Em Caracas, 4 de agosto de 2024.
Assinam
Antonia Muñoz, ex-constitucionalista e ex-governadora da Portuguesa.
Andrés Izarra, Ex-ministro das Comunicações.
Rodrigo Cabezas, professor da LUZ, ex-ministro da Fazenda.
Oly Millán, professora da UCV, ex-ministro de Chávez e membro da Plataforma Ciudadana en Defensa de la Constitución (Plataforma Cidadã em Defesa da Constituição).
Héctor Navarro, Professor da UCV, ex-ministro de Chávez e membro da Plataforma Ciudadana en Defensa de la Constitución (Plataforma Cidadã em Defesa da Constituição).
Juan Barreto, ex-prefeito de Caracas.
Vladimir Villegas. Ex-embaixador no Brasil e no México. Constituinte de 1999.
Juan Luis Sosa. Advogado. Ex-diretor do Gabinete da Presidência da República.
Sergio Sánchez, ex-diretor de Projetos Industriais (Ministério da Indústria).
Florencio Porras, ex-constitucionalista e ex-governador do Estado de Mérida.
Gustavo Márquez, ex-ministro de Chávez e membro da Plataforma Ciudadana en Defensa de la Constitución (Plataforma Cidadã em Defesa da Constituição).
Damián Alifa, sociólogo.
Edgardo Lander, professor da UCV e membro da Plataforma Ciudadana en Defensa de la Constitución (Plataforma Cidadã em Defesa da Constituição).
Atenea Jiménez, socióloga e pesquisador (UCV).
José Jesús Betancourt Sanoja. Ex-prefeito de San Carlos (Cojedes).
Jackson Páez. Membro da legislatura estadual de Cojedes.
Ana Viloria, membro da Plataforma Ciudadana en Defensa de la Constitución (Plataforma Cidadã em Defesa da Constituição).
Eduardo Labrador. Legislador do estado de Zulia.
Zenaida Fernández. Legisladora indígena de Zulia.
Juan Francisco García. Ex-deputado da Assembleia Nacional.
Juan García, membro fundador da Aporrea e membro da Plataforma dos Cidadãos em Defesa da Constituição.
Santiago Arconada Ativista político e membro da Plataforma dos Cidadãos em Defesa da Constituição.
Wálter Boza. Médico, ex-membro do Congresso Nacional.
Numa Rojas.
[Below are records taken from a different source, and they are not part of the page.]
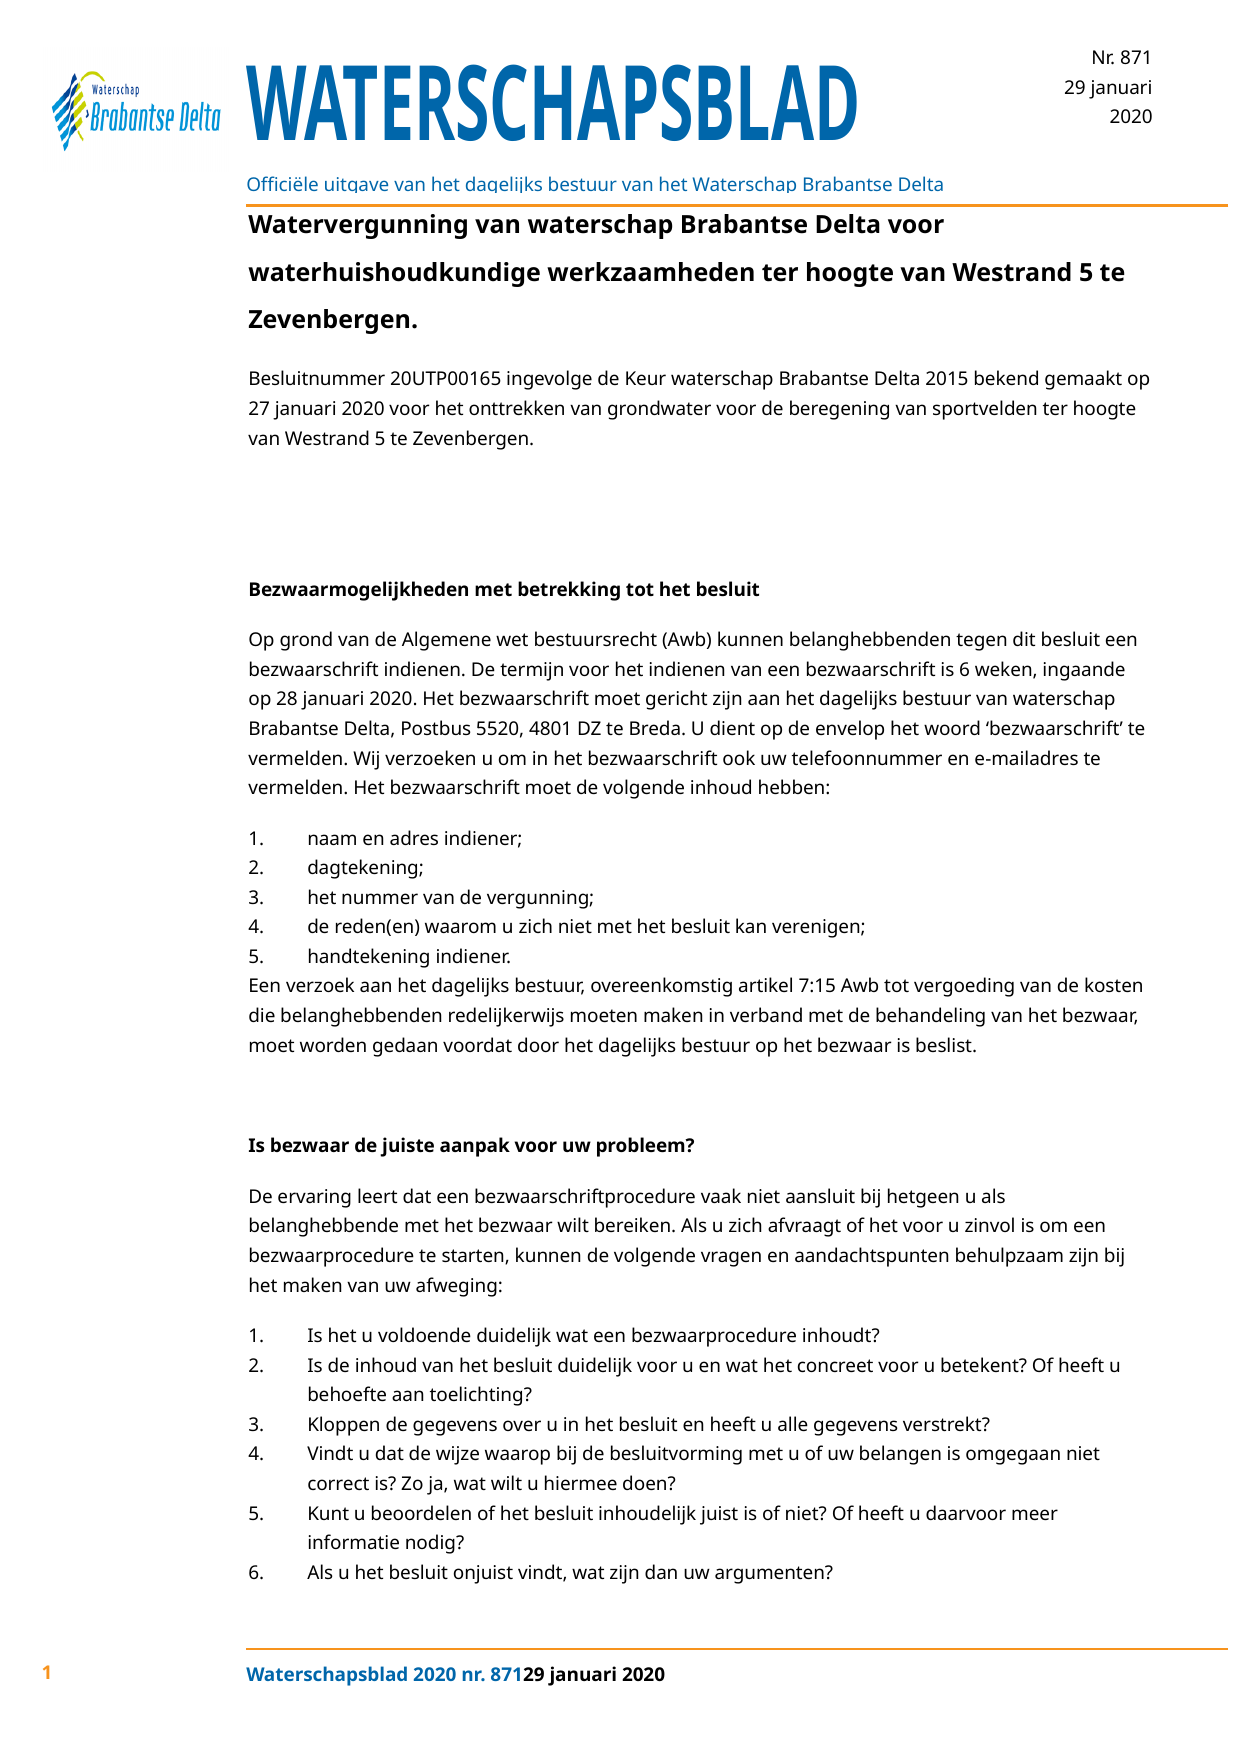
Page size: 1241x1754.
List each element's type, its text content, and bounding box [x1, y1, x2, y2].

list handtekening indiener. [248, 943, 1152, 969]
list naam en adres indiener; [248, 825, 1152, 850]
picture [41, 47, 231, 172]
list dagtekening; [248, 854, 1152, 880]
text De ervaring leert dat een bezwaarschriftprocedure vaak niet aansluit bij hetgeen u als belanghebbende met het bezwaar wilt bereiken. Als u zich afvraagt of het voor u zinvol is om een bezwaarprocedure te starten, kunnen de volgende vragen en aandachtspunten behulpzaam zijn bij het maken van uw afweging: [248, 1183, 1152, 1297]
list Is de inhoud van het besluit duidelijk voor u en wat het concreet voor u betekent? Of heeft u behoefte aan toelichting? [248, 1352, 1152, 1407]
text Op grond van de Algemene wet bestuursrecht (Awb) kunnen belanghebbenden tegen dit besluit een bezwaarschrift indienen. De termijn voor het indienen van een bezwaarschrift is 6 weken, ingaande op 28 januari 2020. Het bezwaarschrift moet gericht zijn aan het dagelijks bestuur van waterschap Brabantse Delta, Postbus 5520, 4801 DZ te Breda. U dient op de envelop het woord ‘bezwaarschrift’ te vermelden. Wij verzoeken u om in het bezwaarschrift ook uw telefoonnummer en e‑mailadres te vermelden. Het bezwaarschrift moet de volgende inhoud hebben: [248, 626, 1152, 800]
text Een verzoek aan het dagelijks bestuur, overeenkomstig artikel 7:15 Awb tot vergoeding van de kosten die belanghebbenden redelijkerwijs moeten maken in verband met de behandeling van het bezwaar, moet worden gedaan voordat door het dagelijks bestuur op het bezwaar is beslist. [248, 973, 1152, 1057]
text Bezwaarmogelijkheden met betrekking tot het besluit [248, 576, 1152, 602]
list Is het u voldoende duidelijk wat een bezwaarprocedure inhoudt? [248, 1322, 1152, 1348]
list de reden(en) waarom u zich niet met het besluit kan verenigen; [248, 913, 1152, 939]
list het nummer van de vergunning; [248, 884, 1152, 909]
text Is bezwaar de juiste aanpak voor uw probleem? [248, 1133, 1152, 1158]
text Watervergunning van waterschap Brabantse Delta voor waterhuishoudkundige werkzaamheden ter hoogte van Westrand 5 te Zevenbergen. [248, 207, 1152, 336]
list Vindt u dat de wijze waarop bij de besluitvorming met u of uw belangen is omgegaan niet correct is? Zo ja, wat wilt u hiermee doen? [248, 1441, 1152, 1496]
list Als u het besluit onjuist vindt, wat zijn dan uw argumenten? [248, 1559, 1152, 1584]
text Besluitnummer 20UTP00165 ingevolge de Keur waterschap Brabantse Delta 2015 bekend gemaakt op 27 januari 2020 voor het onttrekken van grondwater voor de beregening van sportvelden ter hoogte van Westrand 5 te Zevenbergen. [248, 366, 1152, 450]
list Kunt u beoordelen of het besluit inhoudelijk juist is of niet? Of heeft u daarvoor meer informatie nodig? [248, 1500, 1152, 1555]
list Kloppen de gegevens over u in het besluit en heeft u alle gegevens verstrekt? [248, 1411, 1152, 1437]

Ex-deputado constituinte de 1999. Ex-prefeito de Maturín, Monagas.
Félix Bracho. Ex-prefeito de Cabimas. Zulia.
Esluve Sosa. Advogada e internacionalista. Ex-gerente de Turismo Social (Venetur) e ex-gerente de Treinamento Comercial (Movilnet).
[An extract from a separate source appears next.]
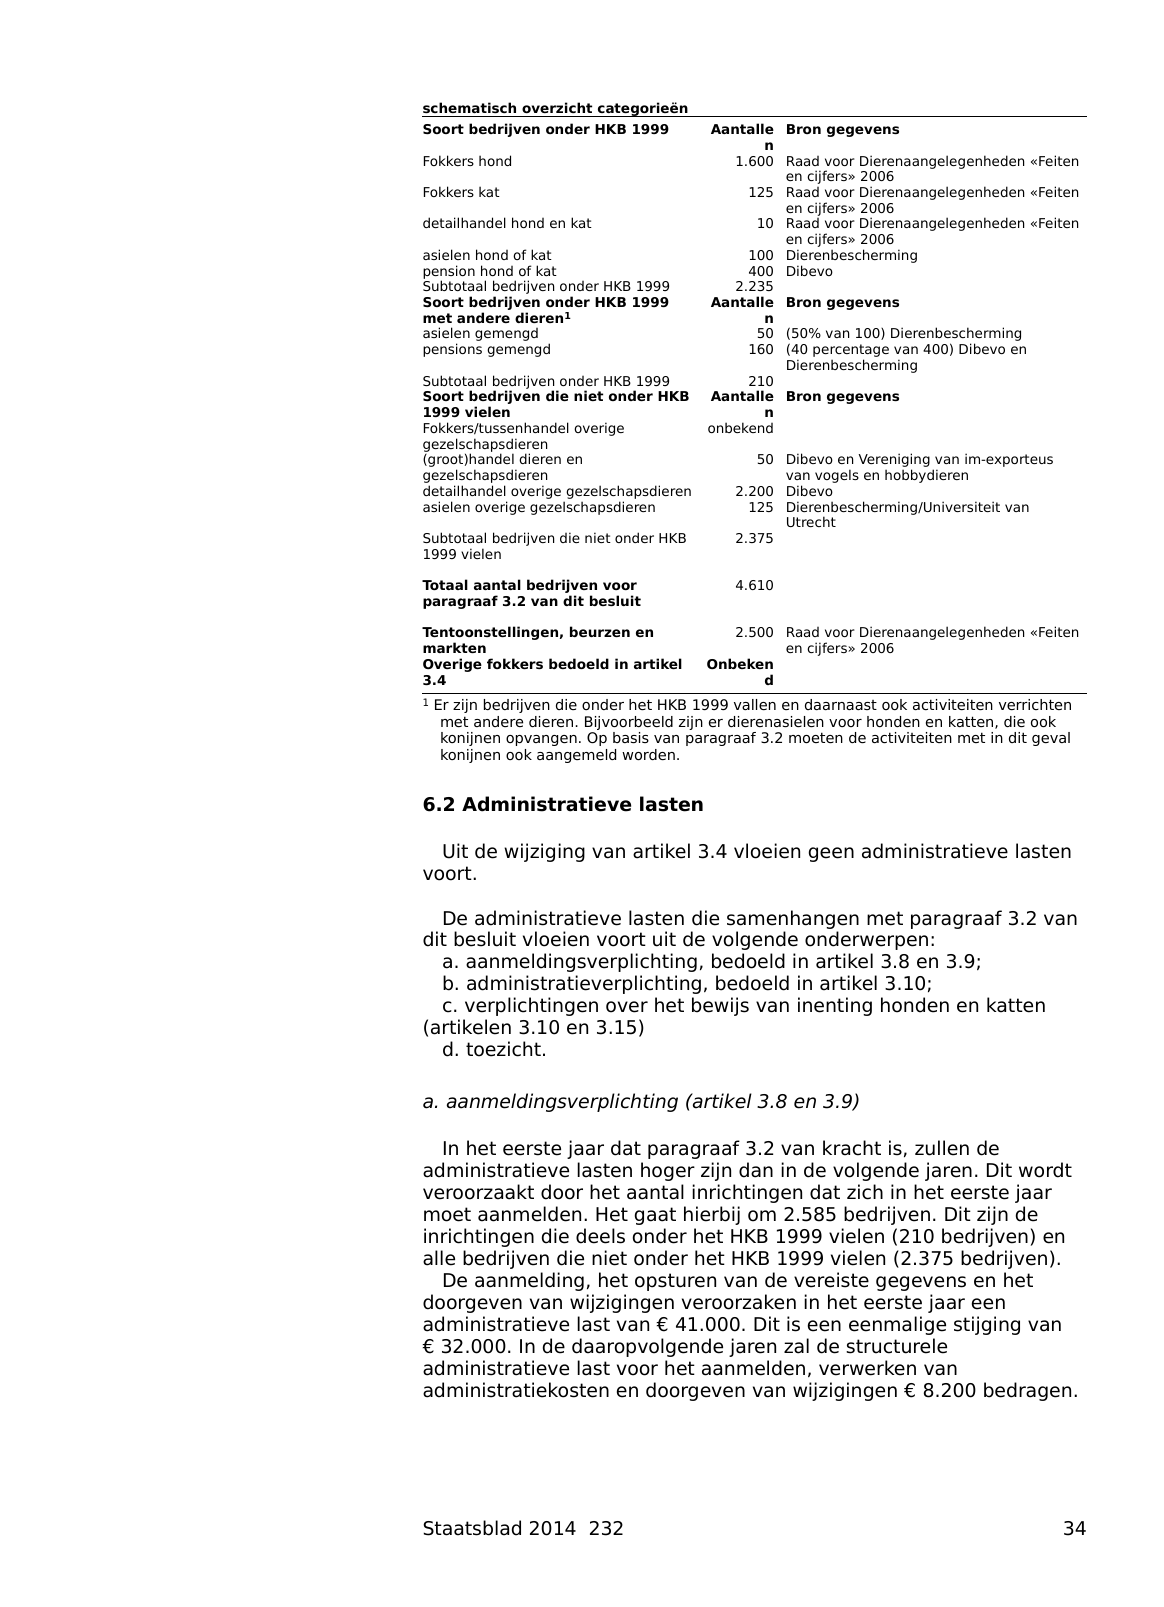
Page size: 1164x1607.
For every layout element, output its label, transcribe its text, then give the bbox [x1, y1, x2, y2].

Emily da Silva. Cientista política. Movimento pela Democracia.
José Luis Rodríguez. Ativista social e político do Estado de Lara. Movimento pela Democracia.
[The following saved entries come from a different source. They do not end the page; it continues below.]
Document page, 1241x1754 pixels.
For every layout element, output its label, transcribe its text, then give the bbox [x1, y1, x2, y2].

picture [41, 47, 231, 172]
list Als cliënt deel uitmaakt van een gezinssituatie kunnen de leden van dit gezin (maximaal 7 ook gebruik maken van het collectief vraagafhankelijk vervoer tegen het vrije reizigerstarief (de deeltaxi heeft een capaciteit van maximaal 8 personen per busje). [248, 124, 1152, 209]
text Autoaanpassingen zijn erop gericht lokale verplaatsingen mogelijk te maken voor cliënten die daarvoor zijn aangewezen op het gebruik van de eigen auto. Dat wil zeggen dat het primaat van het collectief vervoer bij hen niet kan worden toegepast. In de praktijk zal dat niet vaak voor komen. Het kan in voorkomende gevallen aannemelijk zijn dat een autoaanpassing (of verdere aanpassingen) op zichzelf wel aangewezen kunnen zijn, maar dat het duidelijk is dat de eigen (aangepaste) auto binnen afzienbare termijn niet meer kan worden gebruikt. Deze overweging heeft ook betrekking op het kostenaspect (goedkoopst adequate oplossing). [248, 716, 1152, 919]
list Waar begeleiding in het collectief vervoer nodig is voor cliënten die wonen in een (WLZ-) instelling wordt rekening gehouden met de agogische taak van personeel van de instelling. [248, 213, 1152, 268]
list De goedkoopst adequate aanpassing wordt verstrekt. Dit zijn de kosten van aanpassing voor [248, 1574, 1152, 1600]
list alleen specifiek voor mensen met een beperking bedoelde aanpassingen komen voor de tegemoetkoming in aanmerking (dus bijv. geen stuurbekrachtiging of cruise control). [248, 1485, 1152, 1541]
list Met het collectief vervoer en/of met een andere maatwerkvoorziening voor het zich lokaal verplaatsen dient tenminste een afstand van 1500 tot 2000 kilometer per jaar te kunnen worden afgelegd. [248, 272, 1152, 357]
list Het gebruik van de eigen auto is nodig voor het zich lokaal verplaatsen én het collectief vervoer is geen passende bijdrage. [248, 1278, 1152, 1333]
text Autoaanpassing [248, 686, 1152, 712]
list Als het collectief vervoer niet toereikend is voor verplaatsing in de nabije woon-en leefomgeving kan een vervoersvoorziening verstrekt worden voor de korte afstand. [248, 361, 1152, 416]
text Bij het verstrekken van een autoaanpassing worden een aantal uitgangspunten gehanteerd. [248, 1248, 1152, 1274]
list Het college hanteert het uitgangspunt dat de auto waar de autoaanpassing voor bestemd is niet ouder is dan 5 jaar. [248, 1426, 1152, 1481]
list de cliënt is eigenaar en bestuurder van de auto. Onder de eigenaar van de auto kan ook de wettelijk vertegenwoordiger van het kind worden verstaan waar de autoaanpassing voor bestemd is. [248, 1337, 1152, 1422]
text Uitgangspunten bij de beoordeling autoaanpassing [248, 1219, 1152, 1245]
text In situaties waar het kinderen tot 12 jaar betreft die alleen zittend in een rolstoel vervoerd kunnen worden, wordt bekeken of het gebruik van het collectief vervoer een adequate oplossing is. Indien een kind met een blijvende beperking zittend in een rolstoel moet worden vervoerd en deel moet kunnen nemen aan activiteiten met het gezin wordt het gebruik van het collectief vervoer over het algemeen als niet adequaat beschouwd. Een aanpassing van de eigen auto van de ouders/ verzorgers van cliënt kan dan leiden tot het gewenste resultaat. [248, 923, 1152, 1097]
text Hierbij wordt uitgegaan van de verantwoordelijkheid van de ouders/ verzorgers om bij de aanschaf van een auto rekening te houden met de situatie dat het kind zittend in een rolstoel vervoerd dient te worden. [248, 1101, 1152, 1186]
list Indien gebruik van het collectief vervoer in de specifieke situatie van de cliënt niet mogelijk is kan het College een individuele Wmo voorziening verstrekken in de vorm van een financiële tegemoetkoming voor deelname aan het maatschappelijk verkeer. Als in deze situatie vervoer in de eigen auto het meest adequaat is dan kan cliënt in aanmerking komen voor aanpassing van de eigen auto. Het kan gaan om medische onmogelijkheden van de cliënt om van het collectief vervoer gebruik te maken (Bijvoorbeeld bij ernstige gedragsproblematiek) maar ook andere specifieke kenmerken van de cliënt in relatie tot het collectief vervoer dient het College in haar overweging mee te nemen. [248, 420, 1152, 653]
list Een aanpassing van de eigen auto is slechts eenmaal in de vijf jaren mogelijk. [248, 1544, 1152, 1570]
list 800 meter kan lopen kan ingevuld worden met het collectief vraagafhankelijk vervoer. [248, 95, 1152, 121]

Carlos Molina Graterol. Antropólogo. Ex-superintendente nacional da Coopetativas. Ex-vice-ministro.
Juan Carlos Rodriguez Torres. Artista visual. Movimento pela Democracia.
José Miguel Avendaño Infante, ex-vice-presidente da Venezolana de Televisión, pesquisador (UCV).
Manuel Sutherland, diretor do centro de pesquisa e treinamento de trabalhadores Cifo.